The future is now. With Google Glass, teachers and students alike can display information in a smartphone-like hands-free format, while interacting with the internet via natural language voice commands .With limitless possibilities at its virtual fingertips, the education community can build closer working relationships with students, and allow children to get more involved with their learning experience.

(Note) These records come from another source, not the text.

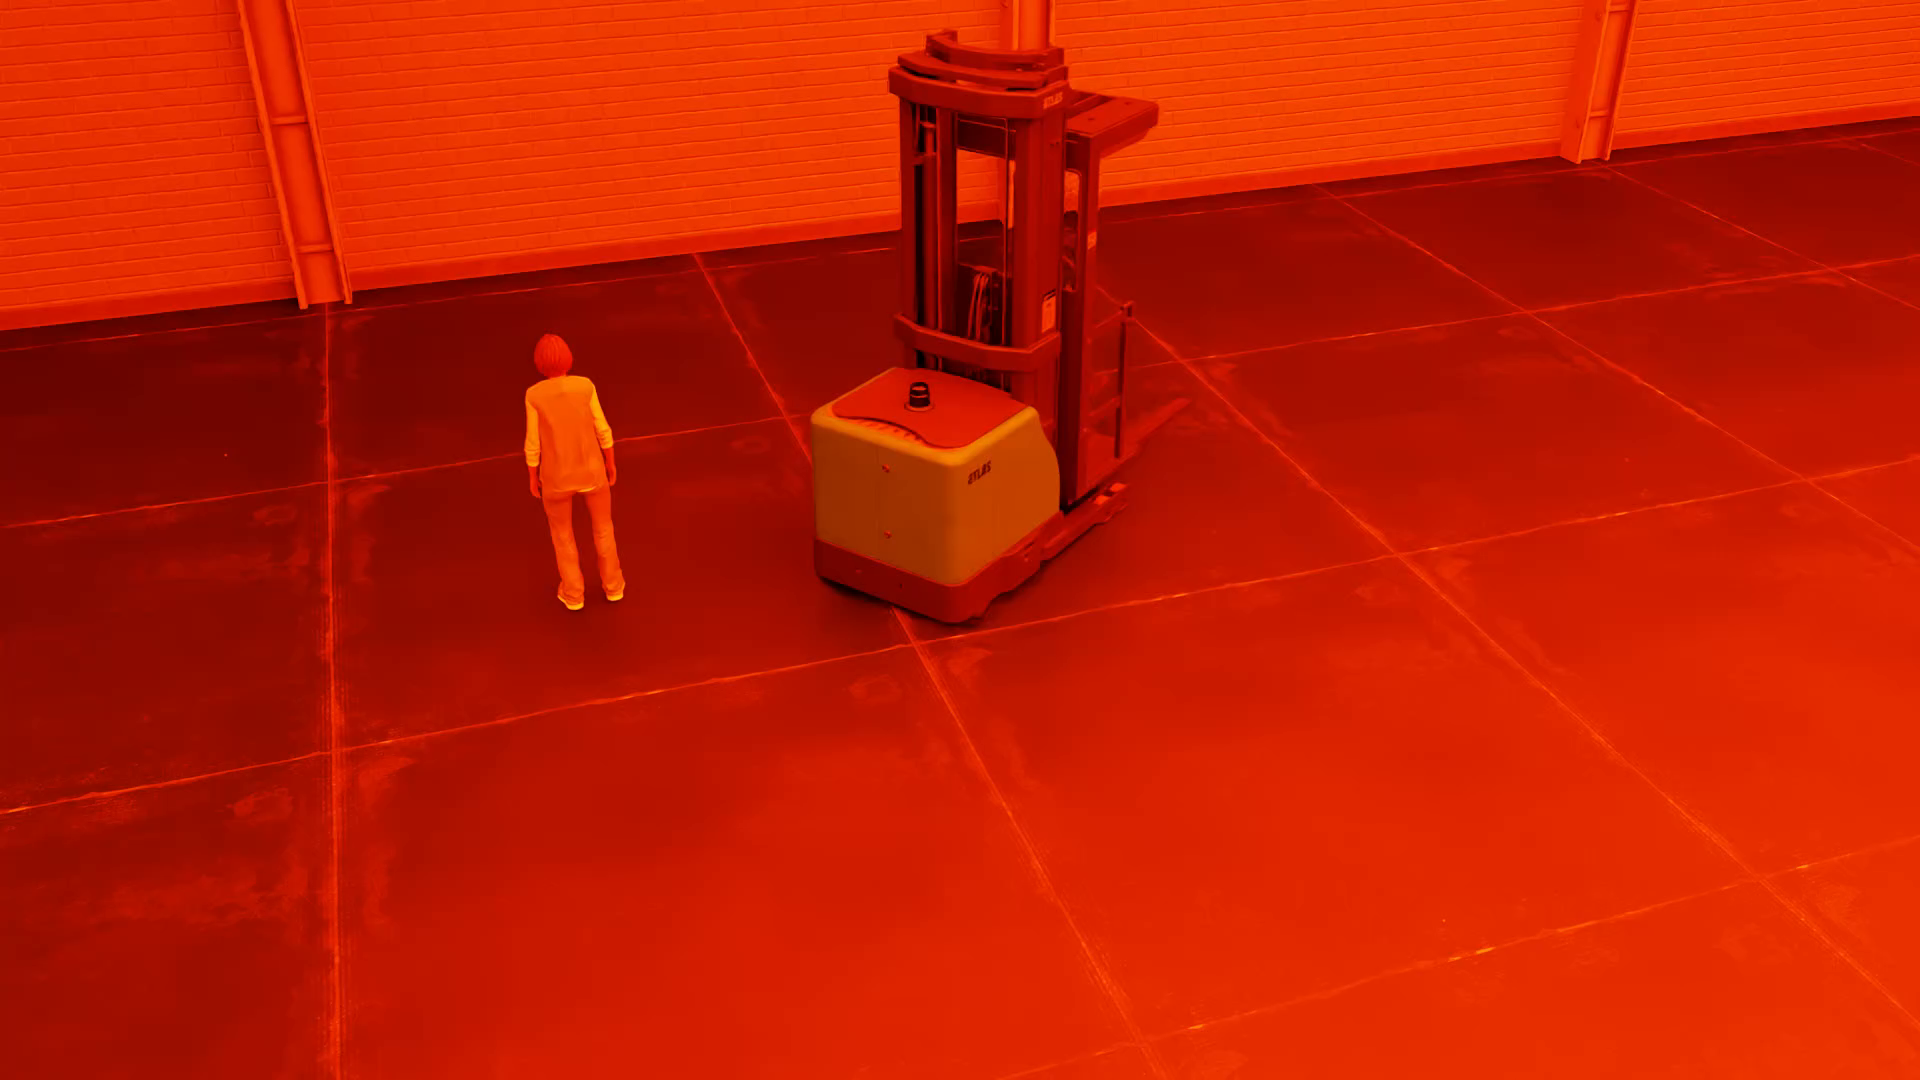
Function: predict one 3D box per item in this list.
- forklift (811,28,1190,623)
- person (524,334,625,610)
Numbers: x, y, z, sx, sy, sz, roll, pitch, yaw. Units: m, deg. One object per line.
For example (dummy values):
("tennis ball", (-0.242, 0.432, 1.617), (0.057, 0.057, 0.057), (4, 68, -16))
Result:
("forklift", (0.418, -1.501, 9.696), (1.130, 2.935, 3.031), (19, 35, 30))
("person", (-2.106, -0.351, 9.040), (0.474, 1.592, 0.348), (-10, 32, -17))

Here we take a look at infographic – how Google Glass might be used in education.
image taken from: Google.com/glass/start/what-it-does
- Create first-person video guides for a collective class experience in real time.

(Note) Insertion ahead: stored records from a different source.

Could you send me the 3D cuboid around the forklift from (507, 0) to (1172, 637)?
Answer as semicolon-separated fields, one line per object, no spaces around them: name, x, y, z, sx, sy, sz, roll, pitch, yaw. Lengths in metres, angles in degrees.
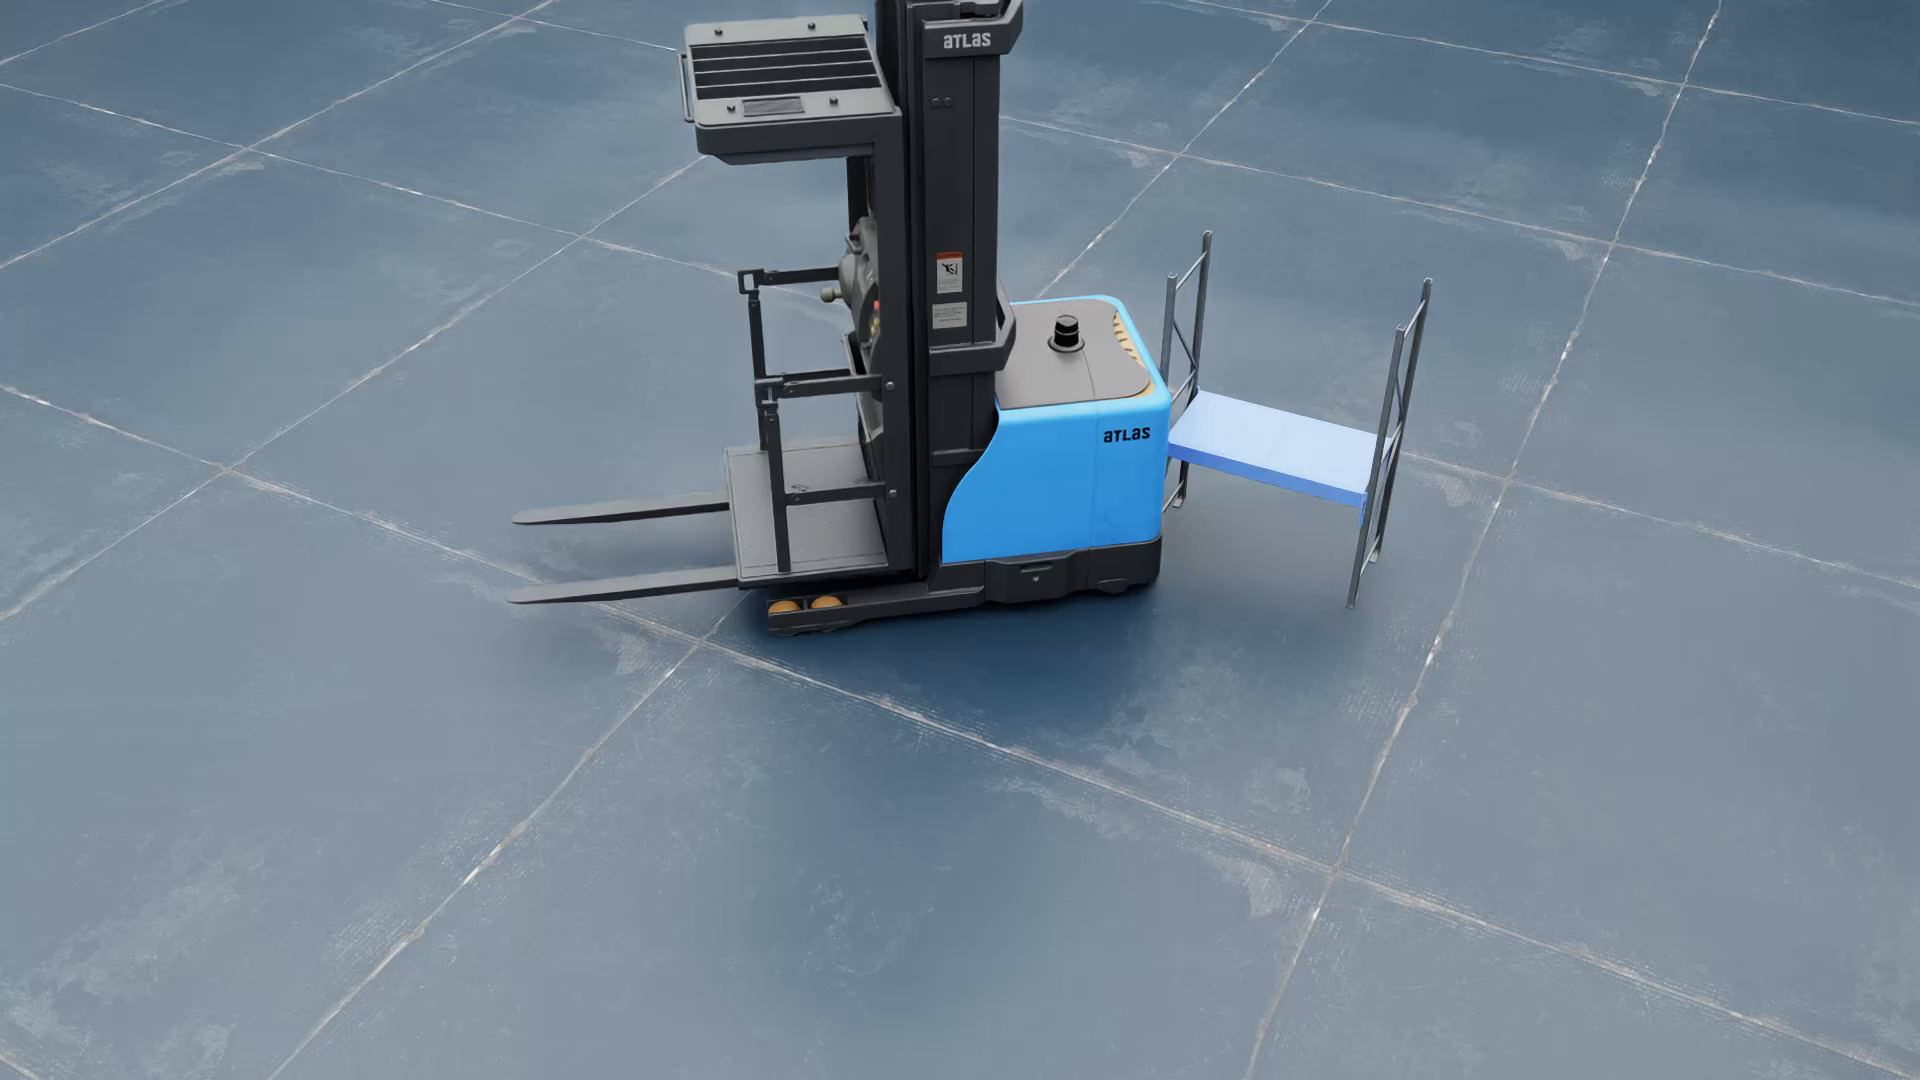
forklift;-0.615;-1.069;7.234;3.031;2.935;1.130;-6;38;-8

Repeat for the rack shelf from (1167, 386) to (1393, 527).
rack shelf;1.490;-0.407;7.843;1.000;0.185;0.538;17;40;21

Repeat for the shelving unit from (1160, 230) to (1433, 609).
shelving unit;1.490;-0.550;7.734;1.048;1.500;0.538;17;40;21

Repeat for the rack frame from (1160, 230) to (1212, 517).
rack frame;1.035;-0.688;7.916;0.032;1.500;0.500;17;40;21

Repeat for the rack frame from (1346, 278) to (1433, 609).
rack frame;1.944;-0.412;7.553;0.032;1.500;0.500;17;40;21

- Document and keep sharable records of lessons that require demonstration and hands-on experience functionality.
- Use the augmented reality feature of Google Glass on class trips/excursions or historic tours todisplay facts or figures about relevant buildings or landmarks instantly.

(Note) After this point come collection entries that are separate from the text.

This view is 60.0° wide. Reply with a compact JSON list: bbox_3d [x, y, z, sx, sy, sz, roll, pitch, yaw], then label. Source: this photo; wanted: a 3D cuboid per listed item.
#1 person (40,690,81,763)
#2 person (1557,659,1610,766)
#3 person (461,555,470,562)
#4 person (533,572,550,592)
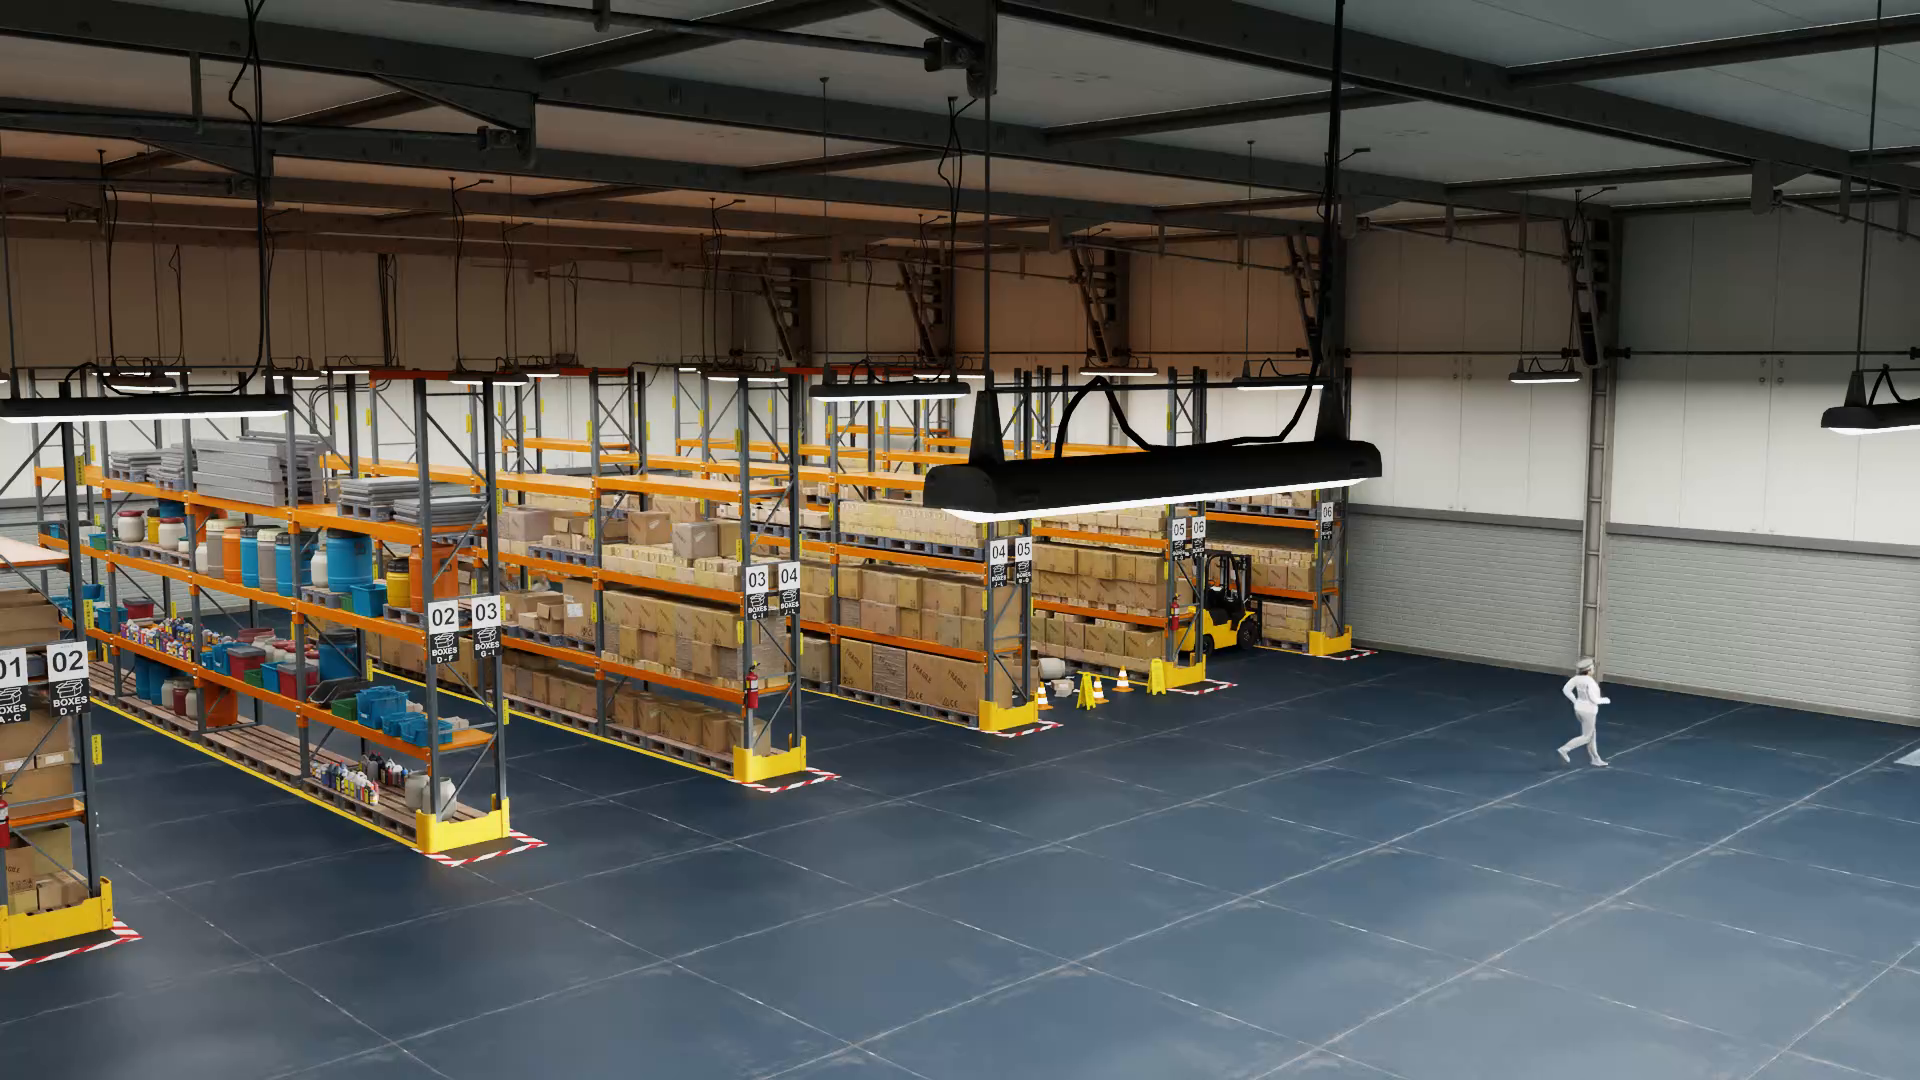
[{"bbox_3d":[-13.890,2.540,25.849,0.976,1.729,0.658,5,8,35],"label":"person"},{"bbox_3d":[9.490,2.638,25.284,0.901,1.692,0.616,-1,7,-12],"label":"person"},{"bbox_3d":[-11.436,1.157,38.186,0.761,1.789,0.843,-3,7,-25],"label":"person"},{"bbox_3d":[-9.051,1.486,35.966,0.779,1.613,0.560,6,9,43],"label":"person"}]

- Capture science in everyday life via photos, videos, audio and images and share with the class.
- Remote teaching and one-on-one tutor sessions.
- Learn new languages using the Google Translator App/Real-time language Translation.
- Create timetables/schedules for teachers, lectures and students.
- Create mini-documentaries to enhance storytelling in the classroom.
- Facial recognition to help teachers identify their students.
- Teachers evaluations become less intimidating by removing the observer from the physical classroom.
- Connect with other educators from different parts of the world via Google Hangout.
- Create a “Teacher’s View” online to watch a colleague’s lesson and offer suggestions in real time that appear in the teacher’s eye-line.
- Transfer videos and images to student’s tablets/devices for show and tell.
- Display more detailed information on student’s academic positioning, allowing teachers to tailor lessons to student’s strengths and weaknesses, making lessons more.
- Real-time searching for cross referencing for essays, presentations and reports.
- Provide accessibility for teachers and students with visual, auditory and physical handicaps.
- Have a specialist or behavioral expert observe children for signs of a learning disability as they work in their classroom with their teacher.
- Students and teachers who wear glasses can now enjoy easier and more accurate eye examinations in real time.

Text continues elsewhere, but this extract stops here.